Scenarios
MQ, as a message-oriented middleware launched by OneNET, can transmit device messages to application services efficiently and reliably, and is widely applied to smart homes, sharing economy, smart parks, smart cities and other industries, helping users to address push notification, distribution and other needs, and ensuring instant and reliable data interaction between user application platform and OneNET.
Real-time push
In many scenarios involving timely notification of and reply to messages, such as smoke alarm and sharing economy, user application systems should retrieve messages in a timely manner. MQ provides an efficient data channel for the application layer to retrieve messages from a device so as to realize millisecond-level end-to-end real-time data synchronization.
Taking sharing economy as an example, a shared charging solution provider can realize long-lived connections and real-time command and control via OneNET. When retrieving messages, the business system of the solution provider can choose HTTP push and message queue, and message queue has the characteristics of low latency, which can eliminate message loss and effectively ensure data consistency and integrity.
Compared with OneNET’s HTTP push that serves push scenarios, MQ has the following advantages:
| Item | HTTP Push | Message queue (MQ) |
|---|---|---|
| Message buffer | Not Supported | Supported |
| Clustering | Load Balanced Applications | Supported |
| Backtrack | Not Supported | Supported |
| Multi-party consumption | Not Supported | Support OneToMany |
| Latency | High | Low |
Message Forwarding
In such industries as smart city and smart meter, there will be multiple application systems that need to connect device data, so it is necessary to distribute messages from one device to different application systems. Since MQ supports OneToMany, messages can be flexibly distributed to one or more consumers.
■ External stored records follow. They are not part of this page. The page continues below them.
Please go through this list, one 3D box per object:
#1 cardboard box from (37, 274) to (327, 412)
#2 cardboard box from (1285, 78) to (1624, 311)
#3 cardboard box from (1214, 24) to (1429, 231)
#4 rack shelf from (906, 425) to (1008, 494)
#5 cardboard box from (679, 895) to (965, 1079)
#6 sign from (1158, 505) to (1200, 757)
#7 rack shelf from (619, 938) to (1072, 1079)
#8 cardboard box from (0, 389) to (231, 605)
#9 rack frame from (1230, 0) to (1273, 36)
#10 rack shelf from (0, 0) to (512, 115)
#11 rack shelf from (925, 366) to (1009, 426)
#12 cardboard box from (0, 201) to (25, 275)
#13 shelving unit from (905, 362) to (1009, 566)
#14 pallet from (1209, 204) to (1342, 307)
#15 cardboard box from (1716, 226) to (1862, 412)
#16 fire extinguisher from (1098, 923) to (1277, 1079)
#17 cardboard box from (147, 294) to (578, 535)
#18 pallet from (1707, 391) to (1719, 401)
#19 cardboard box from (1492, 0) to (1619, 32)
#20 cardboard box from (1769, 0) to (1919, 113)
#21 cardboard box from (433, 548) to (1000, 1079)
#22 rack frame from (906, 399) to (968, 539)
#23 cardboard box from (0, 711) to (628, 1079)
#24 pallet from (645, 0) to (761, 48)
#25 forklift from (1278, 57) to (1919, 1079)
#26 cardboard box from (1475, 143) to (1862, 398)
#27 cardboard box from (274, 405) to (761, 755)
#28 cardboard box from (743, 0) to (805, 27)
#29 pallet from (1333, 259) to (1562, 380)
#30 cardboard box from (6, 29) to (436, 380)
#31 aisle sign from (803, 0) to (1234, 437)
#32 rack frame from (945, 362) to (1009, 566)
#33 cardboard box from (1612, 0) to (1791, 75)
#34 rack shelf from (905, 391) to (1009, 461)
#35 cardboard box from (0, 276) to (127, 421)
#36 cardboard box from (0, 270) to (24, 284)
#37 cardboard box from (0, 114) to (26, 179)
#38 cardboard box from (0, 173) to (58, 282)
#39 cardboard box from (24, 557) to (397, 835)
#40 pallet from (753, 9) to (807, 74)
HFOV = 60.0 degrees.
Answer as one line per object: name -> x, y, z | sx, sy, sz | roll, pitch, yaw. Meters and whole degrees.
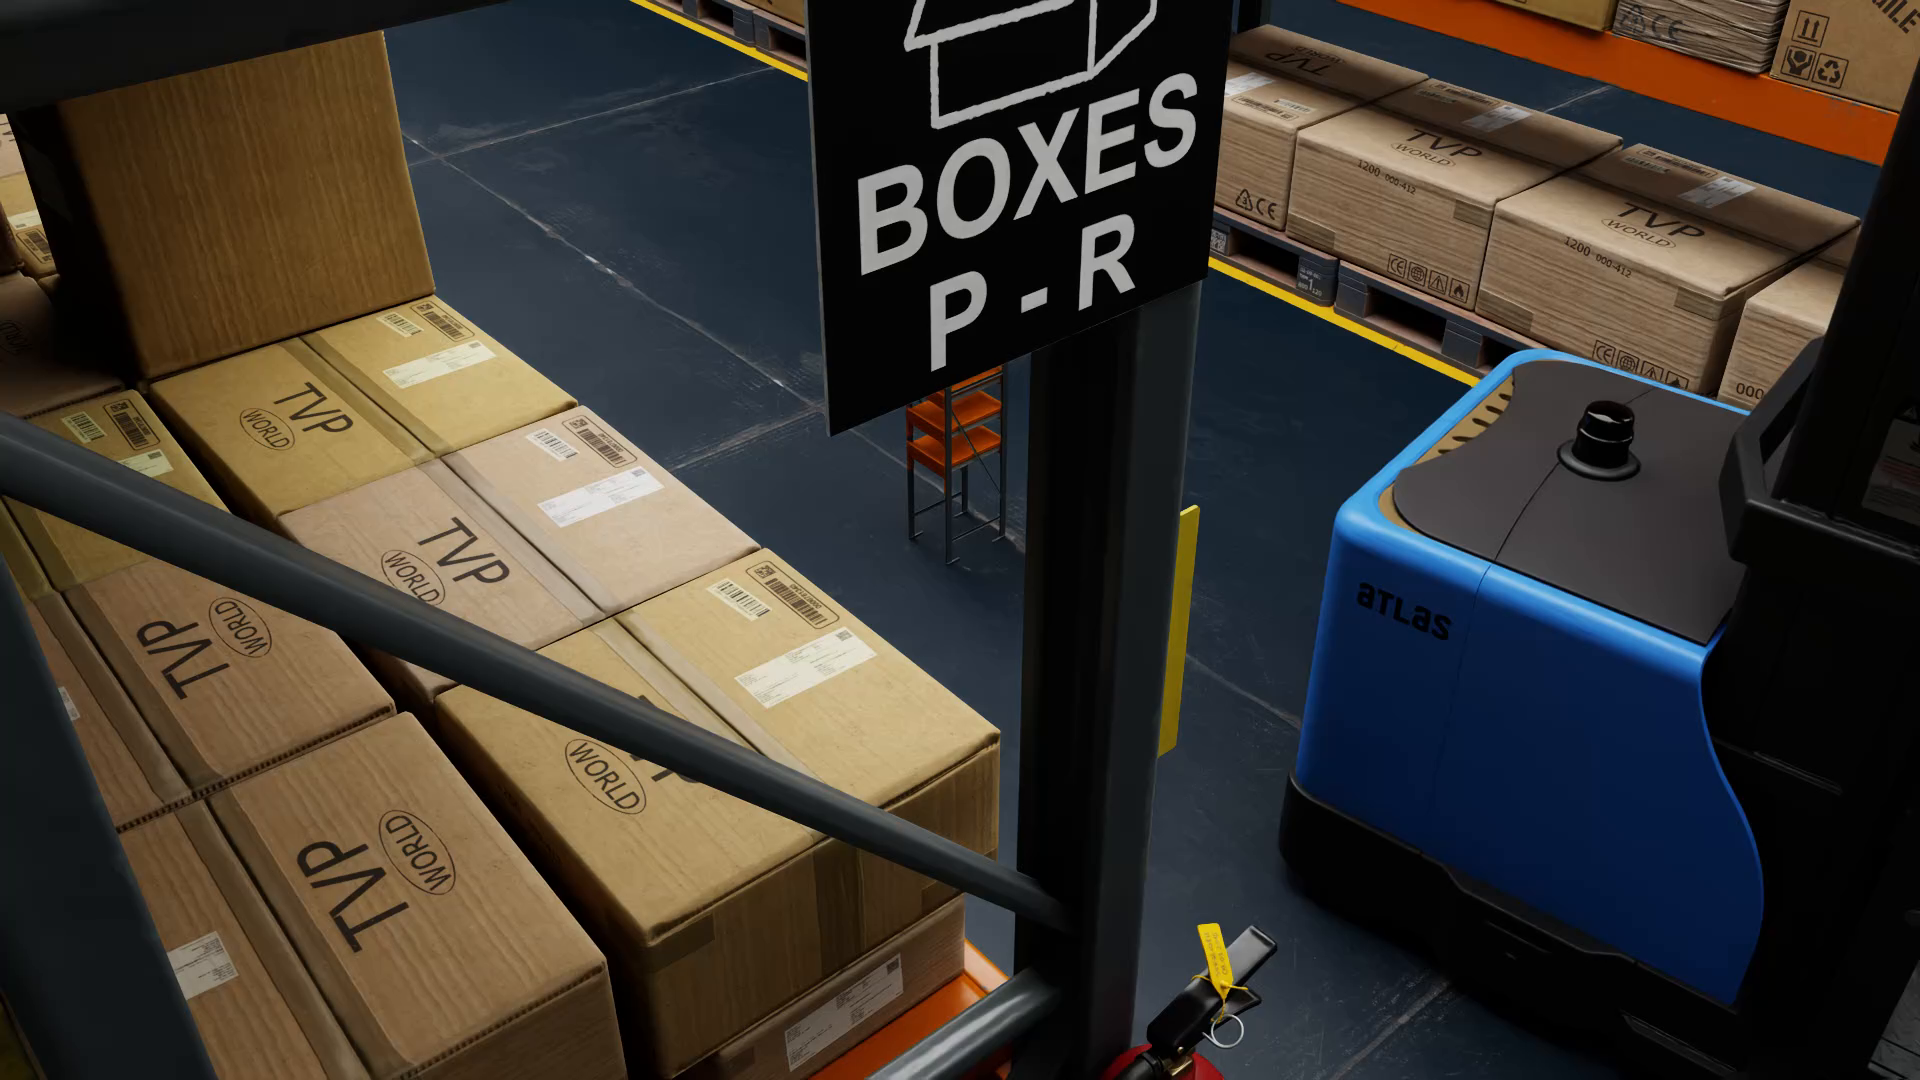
cardboard box -> -1.301, -0.352, 3.025 | 0.500, 0.250, 0.500 | -27, 43, -33
cardboard box -> 1.897, -1.361, 6.430 | 0.875, 0.438, 0.875 | -27, 44, -33
cardboard box -> 1.319, -1.756, 6.988 | 0.875, 0.438, 0.875 | -27, 43, -32
rack shelf -> -0.009, -0.264, 5.077 | 0.258, 0.103, 0.180 | -26, 43, -32
cardboard box -> -0.215, 0.526, 2.129 | 0.380, 0.149, 0.250 | -26, 43, -32
sign -> 0.202, 0.116, 1.742 | 0.100, 0.325, 0.005 | -26, 43, -32
rack shelf -> -1.503, 0.082, 3.161 | 1.077, 0.370, 4.000 | -26, 43, -32
cardboard box -> -1.360, 0.059, 2.444 | 0.500, 0.250, 0.500 | -25, 42, -30
rack frame -> 0.996, -2.948, 6.817 | 1.000, 3.000, 0.127 | -26, 43, -32
rack shelf -> -1.503, -1.142, 2.294 | 1.077, 0.370, 4.000 | -26, 43, -32
rack shelf -> -0.009, -0.460, 4.938 | 0.258, 0.103, 0.180 | -26, 43, -32
cardboard box -> -2.036, -0.704, 2.872 | 0.500, 0.500, 0.500 | -27, 44, -33
shelving unit -> -0.009, -0.496, 4.912 | 0.258, 1.200, 0.189 | -26, 43, -32
pallet -> 1.427, -1.445, 7.107 | 1.003, 0.211, 1.213 | -26, 43, -32
cardboard box -> 3.075, -0.561, 5.301 | 0.875, 0.438, 0.875 | -28, 44, -33
fire extinguisher -> 0.236, 0.748, 1.988 | 0.296, 0.674, 0.183 | -26, 43, -32
cardboard box -> -0.954, -0.135, 2.717 | 0.500, 0.250, 0.500 | -27, 43, -33
pallet -> 3.001, -0.367, 5.586 | 1.003, 0.211, 1.213 | -26, 43, -32
cardboard box -> 2.069, -2.010, 5.407 | 0.500, 0.500, 0.500 | -25, 42, -30
cardboard box -> 2.751, -1.564, 4.776 | 0.500, 0.500, 0.500 | -27, 43, -33
cardboard box -> -0.299, 0.310, 2.089 | 0.500, 0.250, 0.500 | -26, 43, -32
rack frame -> -0.068, -0.536, 4.969 | 0.240, 1.200, 0.006 | -26, 43, -32
cardboard box -> -0.712, 0.507, 1.811 | 0.500, 0.250, 0.500 | -25, 42, -31
pallet -> -1.134, -3.199, 9.585 | 1.003, 0.211, 1.213 | -26, 43, -32
forklift -> 2.240, -0.059, 2.798 | 3.031, 2.935, 1.130 | 25, 42, 31
cardboard box -> 2.478, -0.962, 5.867 | 0.875, 0.438, 0.875 | -25, 42, -31
cardboard box -> -0.625, 0.088, 2.403 | 0.500, 0.250, 0.500 | -26, 43, -31
cardboard box -> -0.631, -3.287, 8.770 | 0.875, 0.875, 0.875 | -25, 43, -31
pallet -> 2.218, -0.906, 6.346 | 1.003, 0.211, 1.213 | -26, 43, -32
cardboard box -> -1.268, -0.658, 2.807 | 0.500, 0.500, 0.500 | -25, 42, -31
aisle sign -> 0.056, -0.469, 1.067 | 0.394, 0.787, 0.004 | -26, 43, -32
rack frame -> 0.050, -0.456, 4.855 | 0.240, 1.200, 0.006 | -26, 43, -32
cardboard box -> 2.412, -1.787, 5.092 | 0.500, 0.500, 0.500 | -25, 42, -31
rack shelf -> -0.009, -0.362, 5.007 | 0.258, 0.103, 0.180 | -26, 43, -32
cardboard box -> -1.697, -0.172, 2.770 | 0.500, 0.250, 0.500 | -26, 43, -32
cardboard box -> -2.020, -0.388, 3.075 | 0.500, 0.250, 0.500 | -25, 42, -31
cardboard box -> -1.944, -0.805, 3.664 | 0.500, 0.250, 0.500 | -26, 43, -32
cardboard box -> -1.632, -0.580, 3.346 | 0.500, 0.250, 0.500 | -26, 43, -32
cardboard box -> -1.044, 0.279, 2.133 | 0.500, 0.250, 0.500 | -26, 43, -32
pallet -> -0.351, -2.661, 8.825 | 1.003, 0.211, 1.213 | -26, 43, -32

After a smart meter supplier's device is connected to OneNET, its messages should interface with multiple sub-application service systems. After a device uploads messages, the following actions may happen to associated application service systems:
- Meter factory application system: build a data model for messages uploaded from devices, and complete data management, analysis, operation and maintenance, etc.
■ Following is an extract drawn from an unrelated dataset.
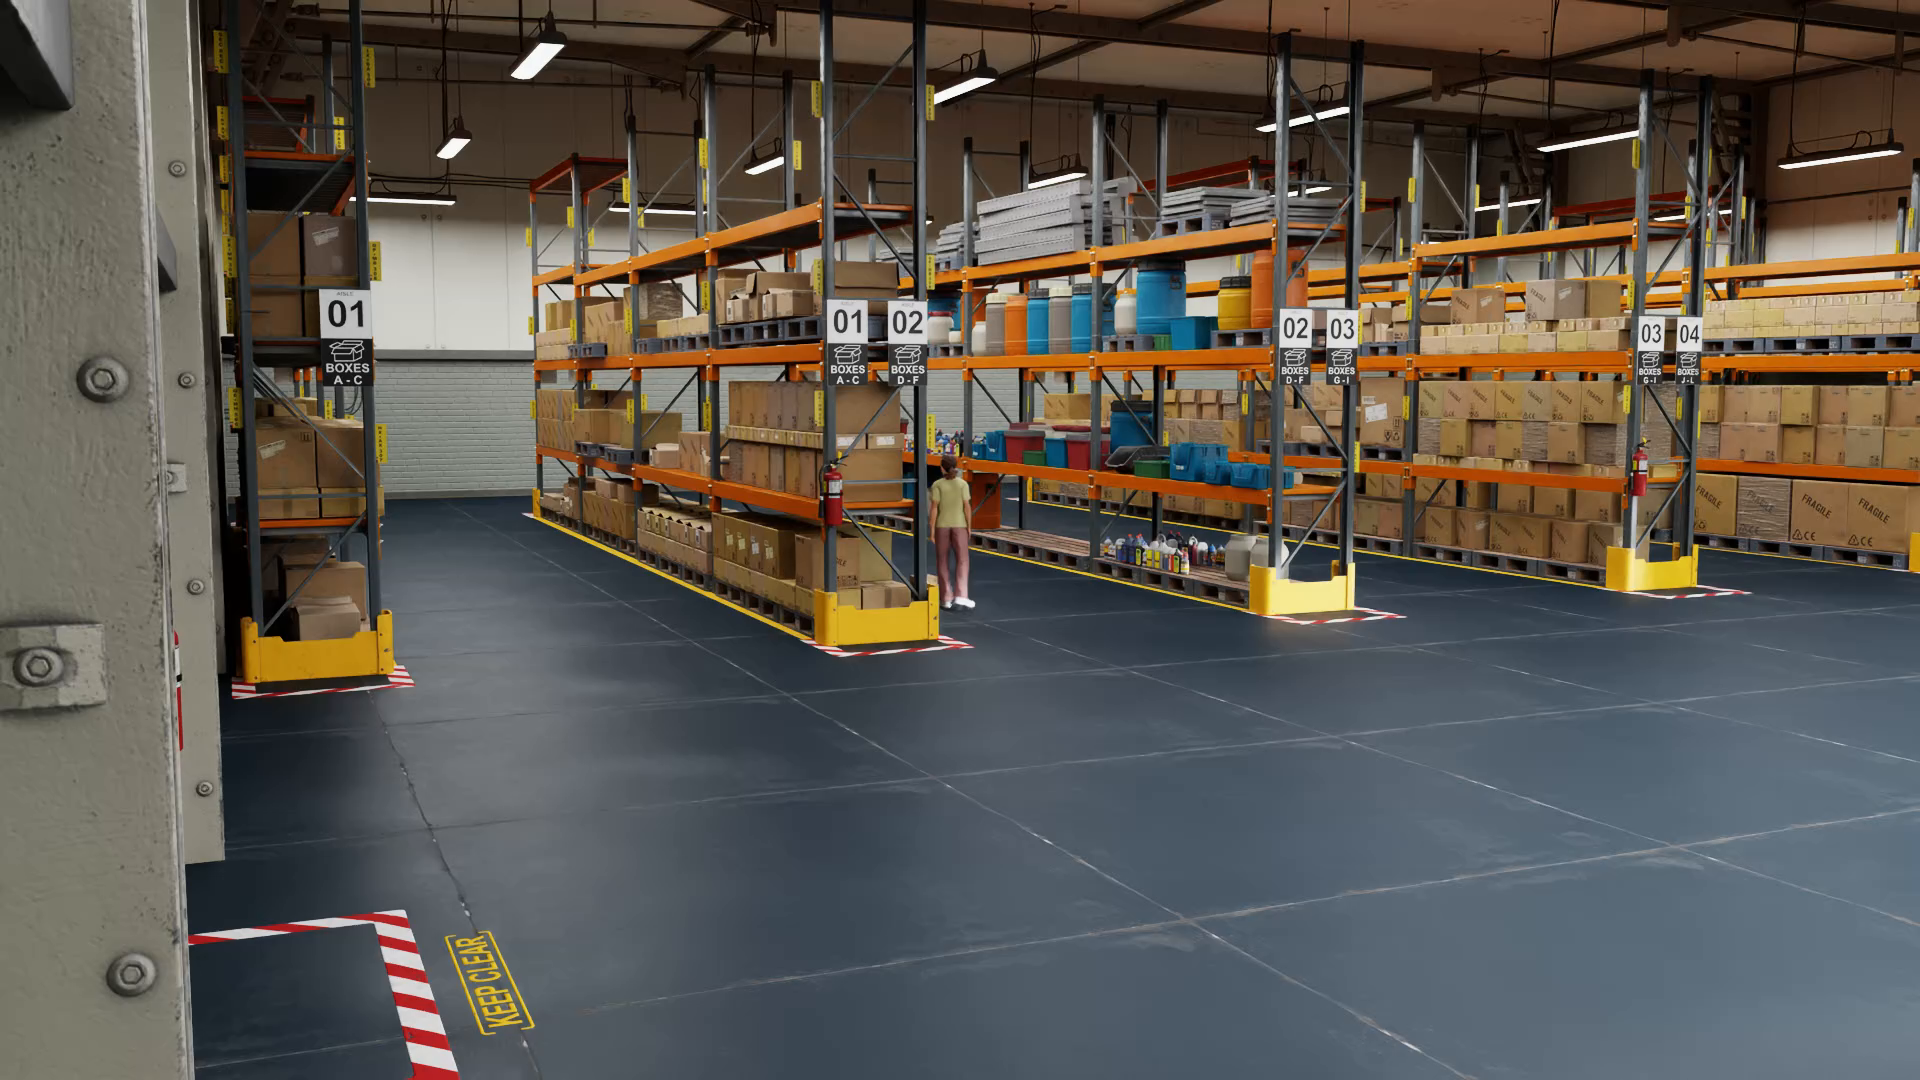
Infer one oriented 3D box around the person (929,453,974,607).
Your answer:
[{"bbox_3d":[-0.097,-0.101,17.961,0.478,1.672,0.585,0,5,-3],"label":"person"}]

- Water affairs application system: Learn about real-time water regime by uploading messages from devices
- Supervision application system: monitor and warn the status and behavior of a device, push alarm messages, etc.
The above application service systems are independent and do not need to wait for the processing results of other modules. Because MQ supports multi-party independent consumption, it can fully meet the requirements for this business scenario. If new businesses are also asking for connection with such messages, they just have to subscribe to the messages, which has no impact on existing businesses.
Load shifting
In application scenarios like smart home, sharing economy and smart park, a transient traffic peak occurs when a device is used intensively, which will impact much on the application system. MQ buffers the peak, ensuring smooth customer operations and reducing costs.
A sharing economy solution provider, for example, may launch Seckill promotion during major festivals. The main business processes are as follows:
If a large number of Seckill requests are sent directly to the application system, it may impact on the system.
After MQ is introduced, Seckill requests generated within a short time are stored in the message queue, and then processed when the application system has the capacity to do it, which reduces the processing pressure of the application system and achieves load shifting.